Exercise objective:
Set down every line of the data exactly, skipping the pictures.

Extracted data:
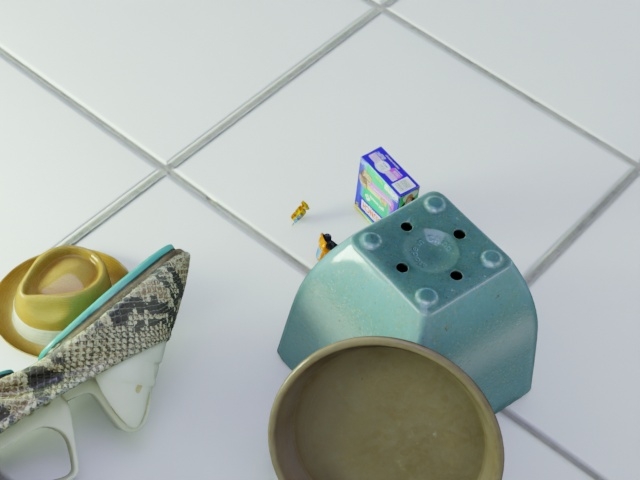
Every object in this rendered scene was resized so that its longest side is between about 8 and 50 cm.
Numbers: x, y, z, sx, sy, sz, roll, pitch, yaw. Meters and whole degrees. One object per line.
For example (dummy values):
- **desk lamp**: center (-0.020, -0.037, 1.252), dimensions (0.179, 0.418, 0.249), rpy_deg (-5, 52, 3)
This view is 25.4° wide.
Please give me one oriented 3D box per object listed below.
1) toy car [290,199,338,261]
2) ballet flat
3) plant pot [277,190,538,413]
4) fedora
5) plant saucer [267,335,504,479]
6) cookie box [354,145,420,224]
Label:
- **toy car**: center (0.000, 0.000, 1.972), dimensions (0.040, 0.060, 0.122), rpy_deg (-48, 39, 11)
- **ballet flat**: center (-0.324, 0.196, 1.700), dimensions (0.482, 0.164, 0.182), rpy_deg (-32, 84, -20)
- **plant pot**: center (0.118, 0.089, 1.759), dimensions (0.247, 0.252, 0.248), rpy_deg (-29, 59, -26)
- **fedora**: center (-0.334, 0.065, 1.840), dimensions (0.194, 0.079, 0.194), rpy_deg (3, 50, -3)
- **plant saucer**: center (0.076, 0.234, 1.644), dimensions (0.277, 0.278, 0.041), rpy_deg (18, 22, 8)
- **cookie box**: center (0.091, -0.061, 1.974), dimensions (0.040, 0.107, 0.092), rpy_deg (-27, 57, -24)
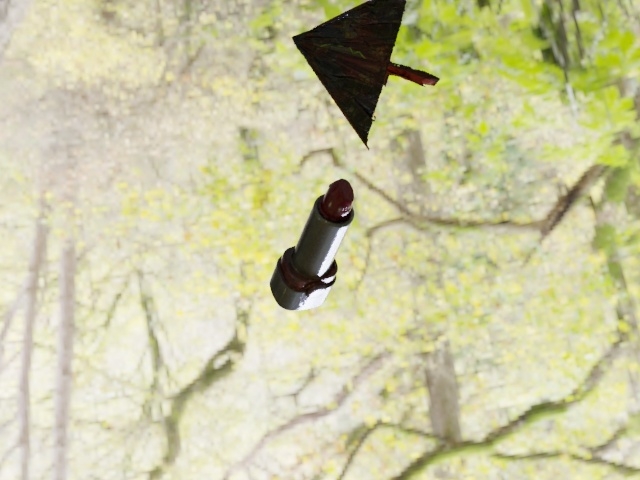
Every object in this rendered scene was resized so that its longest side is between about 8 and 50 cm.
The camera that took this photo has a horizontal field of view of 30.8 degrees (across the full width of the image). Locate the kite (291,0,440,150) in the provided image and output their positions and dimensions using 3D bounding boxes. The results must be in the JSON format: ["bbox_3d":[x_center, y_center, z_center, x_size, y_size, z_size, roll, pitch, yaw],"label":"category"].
[{"bbox_3d":[0.053,-0.216,1.420,0.189,0.009,0.232,15,127,-3],"label":"kite"}]

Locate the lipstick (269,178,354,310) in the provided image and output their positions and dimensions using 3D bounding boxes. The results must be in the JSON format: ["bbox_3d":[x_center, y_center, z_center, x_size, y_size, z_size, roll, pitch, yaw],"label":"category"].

Solution to this task:
Every object in this rendered scene was resized so that its longest side is between about 8 and 50 cm.
Numbers: x, y, z, sx, sy, sz, roll, pitch, yaw. Meters and whole degrees. One object per line.
For example (dummy values):
- **desk lamp**: center (-0.020, -0.037, 1.252), dimensions (0.179, 0.418, 0.249), rpy_deg (-5, 52, 3)
This view is 25.4° wide.
Please give me one oriented 3D box per object listed below.
1) toy car [290,199,338,261]
2) ballet flat
3) plant pot [277,190,538,413]
4) fedora
5) plant saucer [267,335,504,479]
6) cookie box [354,145,420,224]
Label:
- **toy car**: center (0.000, 0.000, 1.972), dimensions (0.040, 0.060, 0.122), rpy_deg (-48, 39, 11)
- **ballet flat**: center (-0.324, 0.196, 1.700), dimensions (0.482, 0.164, 0.182), rpy_deg (-32, 84, -20)
- **plant pot**: center (0.118, 0.089, 1.759), dimensions (0.247, 0.252, 0.248), rpy_deg (-29, 59, -26)
- **fedora**: center (-0.334, 0.065, 1.840), dimensions (0.194, 0.079, 0.194), rpy_deg (3, 50, -3)
- **plant saucer**: center (0.076, 0.234, 1.644), dimensions (0.277, 0.278, 0.041), rpy_deg (18, 22, 8)
- **cookie box**: center (0.091, -0.061, 1.974), dimensions (0.040, 0.107, 0.092), rpy_deg (-27, 57, -24)
Every object in this rendered scene was resized so that its longest side is between about 8 and 50 cm.
The camera that took this photo has a horizontal field of view of 30.8 degrees (across the full width of the image). Locate the kite (291,0,440,150) in the provided image and output their positions and dimensions using 3D bounding boxes. The results must be in the JSON format: ["bbox_3d":[x_center, y_center, z_center, x_size, y_size, z_size, roll, pitch, yaw],"label":"category"].
[{"bbox_3d":[0.053,-0.216,1.420,0.189,0.009,0.232,15,127,-3],"label":"kite"}]

Locate the lipstick (269,178,354,310) in the provided image and output their positions and dimensions using 3D bounding boxes. The results must be in the JSON format: ["bbox_3d":[x_center, y_center, z_center, x_size, y_size, z_size, roll, pitch, yaw],"label":"category"].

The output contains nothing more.